SUPPLIED DATA section start

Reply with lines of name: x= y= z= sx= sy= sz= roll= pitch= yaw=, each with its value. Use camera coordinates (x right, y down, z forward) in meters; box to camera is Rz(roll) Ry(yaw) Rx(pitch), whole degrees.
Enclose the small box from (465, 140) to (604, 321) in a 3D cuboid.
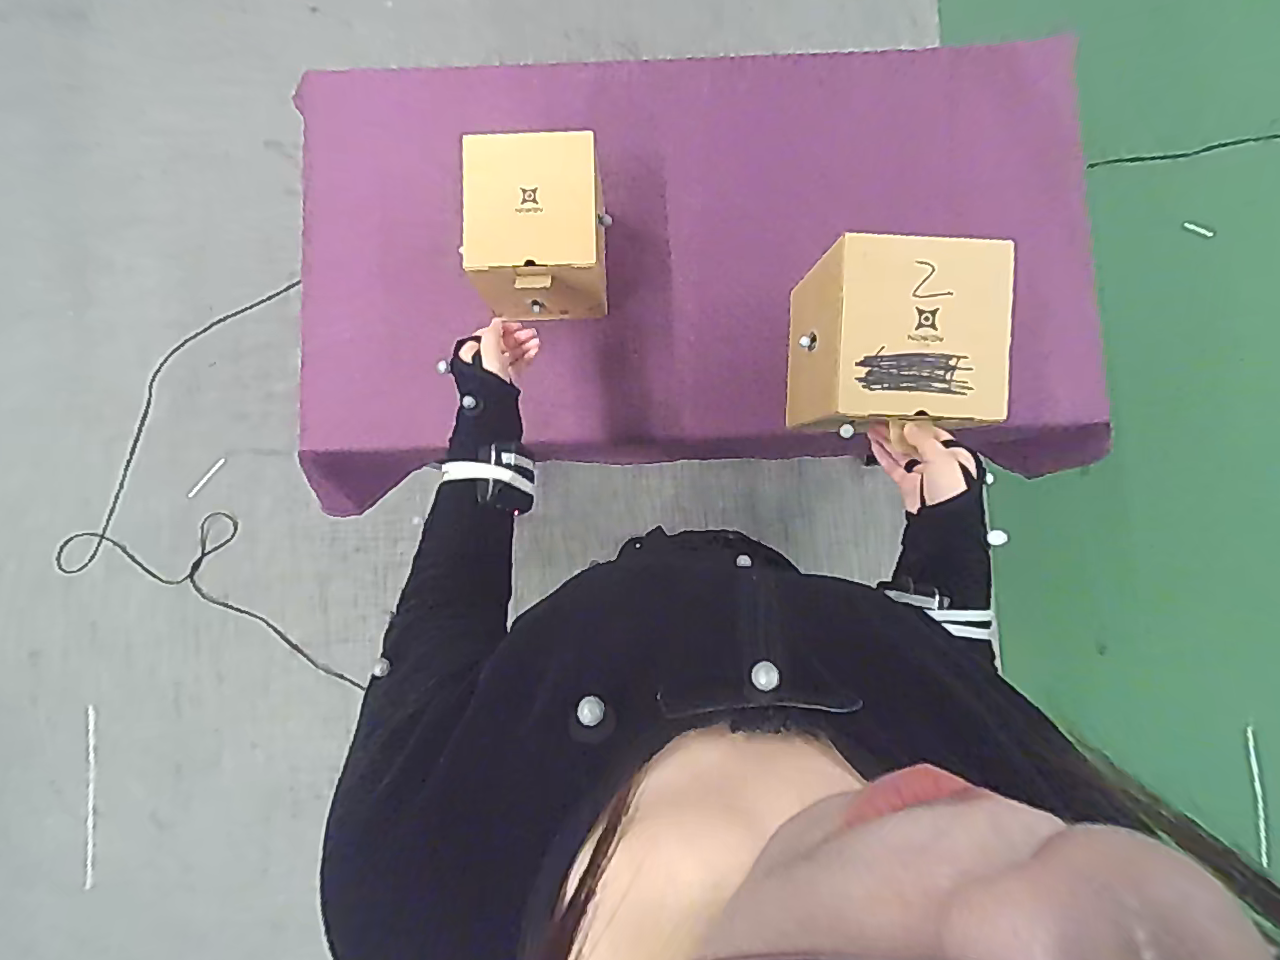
small box: x=-0.139 y=-0.341 z=0.763 sx=0.168 sy=0.176 sz=0.179 roll=-1 pitch=85 yaw=0

SUPPLIED DATA section end

**ABOUT THIS TASK**. Pictures aside, reproduce all of the data exactly.

**COMPLETED TASK**.
Reply with lines of name: x= y= z= sx= sy= sz= roll= pitch= yaw=, each with its value. Use camera coordinates (x right, y down, z forward) in meters; box to camera is Rz(roll) Ry(yaw) Rx(pitch), whole degrees.
Enclose the small box from (465, 140) to (604, 321) in a 3D cuboid.
small box: x=-0.139 y=-0.341 z=0.763 sx=0.168 sy=0.176 sz=0.179 roll=-1 pitch=85 yaw=0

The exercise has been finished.